同じく星のエッチングがあり似ているので、一般的にはこちらもエトワール と呼ばれていますが、こちらのカットとグラヴュールの番号は4771で、「Etoiles、エトワール」という記載はありません。






サイズ表




名前の由来


ご存知とは思いますがEtoiles、エトワールといういうのはフランス語で「星」という意味。


星の画像はこちらのリンクから拝借しています。

https://www.gmpe.it/astronomia/stelle



空の星の他にエトワールというとくクラッシックバレエの”スター”バレリーナのことをさしますよね、そこでこの項目は独断で、私の地元ミラノ出身で、1981年にニューヨークタイムズが「史上最高のエトワール 」と絶賛したカルラ・フラッチの話を少しですが書くことにします。



カルラ・フラッチ


カルラ・フラッチ(1936ー2021)の父親はミラノ市電の運転手、という極めて庶民的な家庭に育ちます。

ブリジョワ以上の家庭の女子が優雅な所作を身につけさせるためにバレエを習わされるのはこちらでは一般的ですが、カルラはそういう社会層の家庭出身ではなく、お父さんの務めるミラノ公共交通機関の余暇サークルで踊った彼女の才能に目をつけた知人がスカラ座のバレエ学校のオーディションをぜひ受けるようにと強く勧めることからじ始まります。



カルラ・フラッチと父親のミラノ市電の運転手




カルラ・フラッチと父親のミラノ市電の運転手。決して経済的に楽ではない家庭だったと想像しますが、両親のふんだんの愛情を注がれて育ったことと彼女それに感謝していることが伝わってくる写真です。お父さんはスカラ座の前を通る1番のトラムを運転していて、スカラ座の前で必ずベルを鳴らしたと言います。


スカラ座のバレエ学校バレエ学校を卒業し2年後にはソリストに、その2年後にはプリマバレリーナ、つまりたったの4年でスカラ座のエトワールになります。

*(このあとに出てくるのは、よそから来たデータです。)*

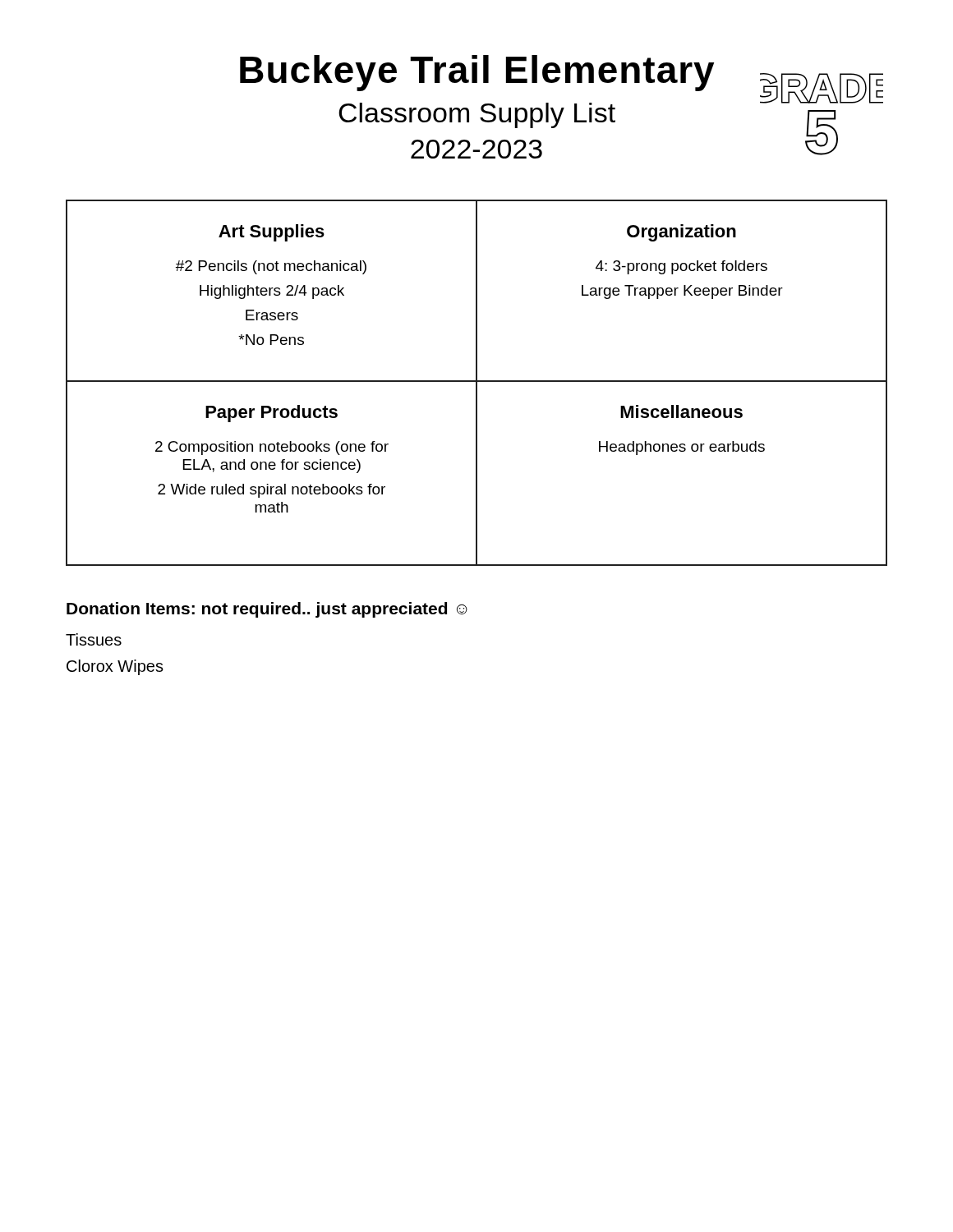Find the region starting "Buckeye Trail Elementary Classroom"

click(476, 108)
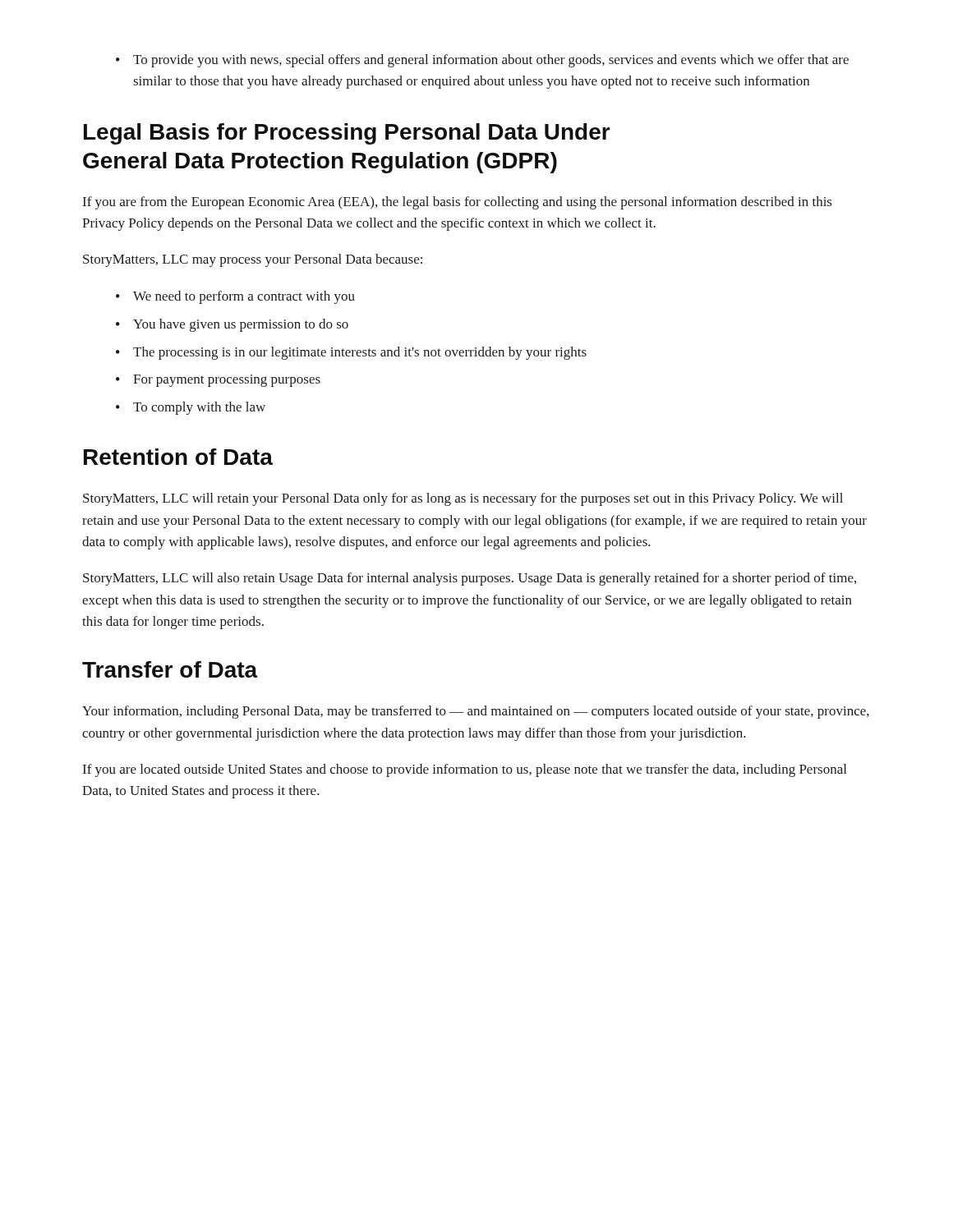
Task: Locate the text starting "• To provide you with"
Action: point(493,71)
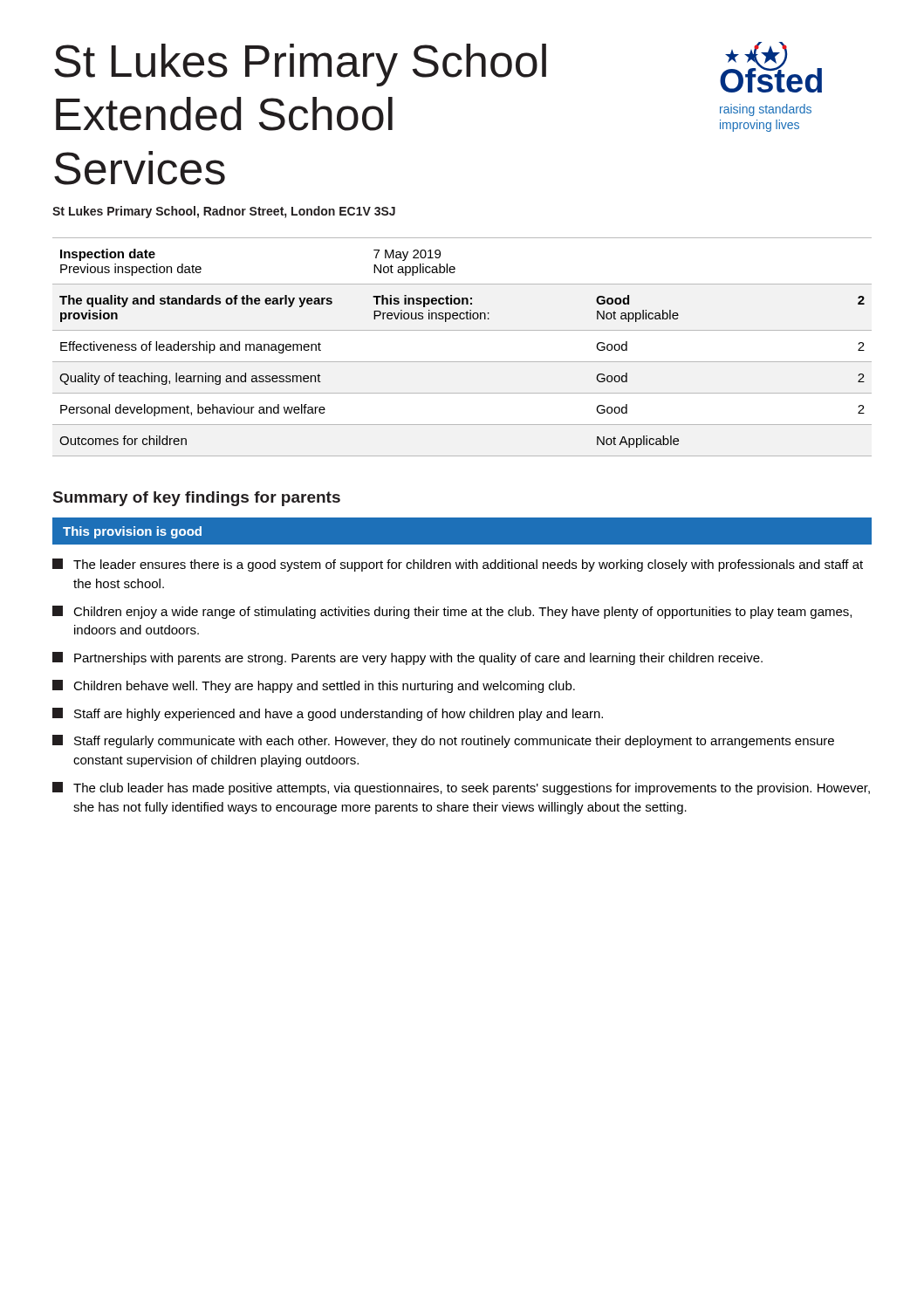This screenshot has width=924, height=1309.
Task: Click on the list item that says "Staff are highly experienced and"
Action: coord(462,713)

ロマンチックでドラマチックな演目を得意とし、彼女の踊るジゼル、ロメオとジュリエット、コッペリアなどは特にゆうめいで世界中の一流バレエ団と共演します。


バレリーナ第一線を退いてからも各地のシアターのバレエ団の監督などをして文化的に大きく貢献します。


だいぶ年配になってからのインタビューを聞いたことがありますが、その当時進めている様々な企画の話をする彼女に「たくさんの仕事をしてらして素晴らしいですね。」というインタビュアーのコメントに、「たくさんの仕事は、それを信じてするのなら、素晴らしいのです。」という彼女の答えが印象的でした。



カルラ・フラッチ

2021年に彼女がなくなった時、市の交通局は白いトラムをスカラ座の前に留めて長くベルを鳴らして哀悼の意を表しました。